Ты не можешь разбудить человека, который притворяется, что спит.

Если мы хотим познать мир, мы должны взглянуть внутрь себя. Чтобы сделать это, мы должны научиться оставаться неподвижными. Мы должны успокоить ум. Мы должны научиться медитировать. Медитация помогает нам определить и найти центр, находящийся в нас. Центр, в котором находится Великий. Когда мы начинаем искать мир, мы должны понять, где внутри нас он находится. Если мы находимся в конфликте, нам нужно остановиться на мгновение и спросить Силу внутри нас: «Как ты хочешь чтобы я справился с этим? Что ты предложишь мне сделать в этой ситуации?» Прося Высшую Силу о помощи мы обретаем мир. 

Когда умирает легенда и пропадает мечта, в мире не остается величия.

Не иди позади меня — возможно, я не поведу тебя. Не иди впереди меня — возможно,

я не последую за тобой.

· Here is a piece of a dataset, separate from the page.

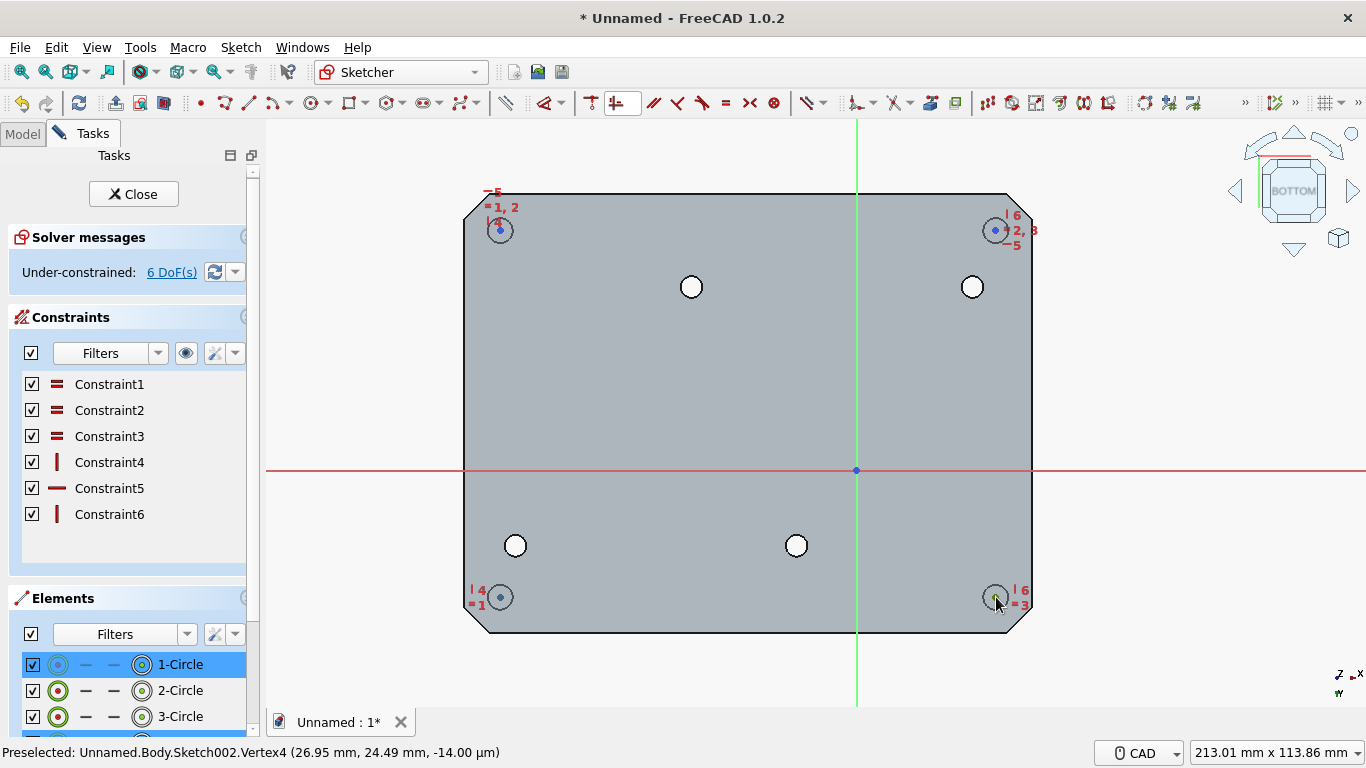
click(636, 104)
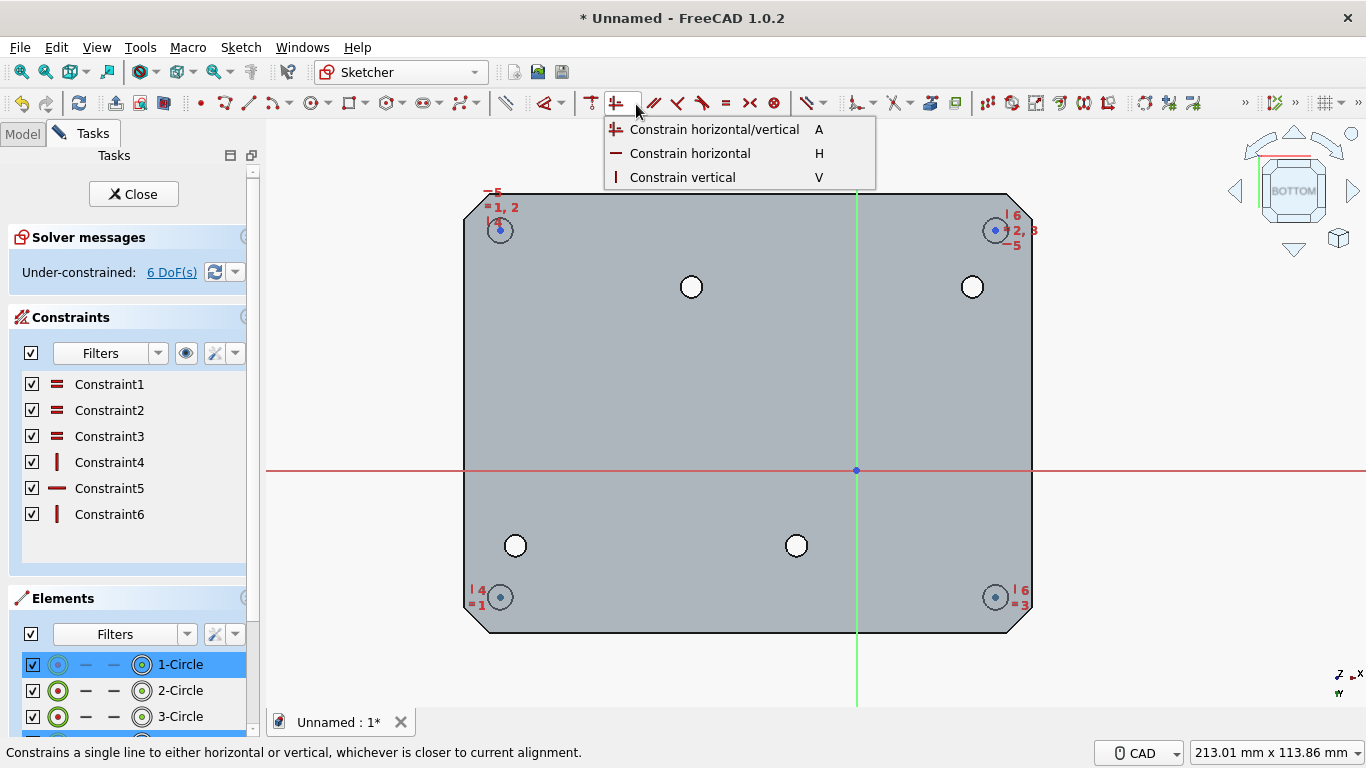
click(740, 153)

Иди рядом, и мы будем одним целым.

Пусть мой враг будет силен и страшен. Если я поборю его, я не буду чувствовать стыда.

«Мы создаем зло среди нас. Мы создаем его; и потом пытаемся называть его дьявол, Сатана, зло.

Но его создает человек. Дьявола нет. Человек создает дьявола».

Великий Дух , сегодня дай мне идти вместе с этими принципами.

О Великий Дух, чей голос я слышу в ветрах,
Я прихожу к тебе, как один из множества твоих детей.
Мне нужны твоя сила и мудрость.
Сделай меня сильным не для возвышения над моим братом,
но для победы над моим величайшим врагом - самим собой. 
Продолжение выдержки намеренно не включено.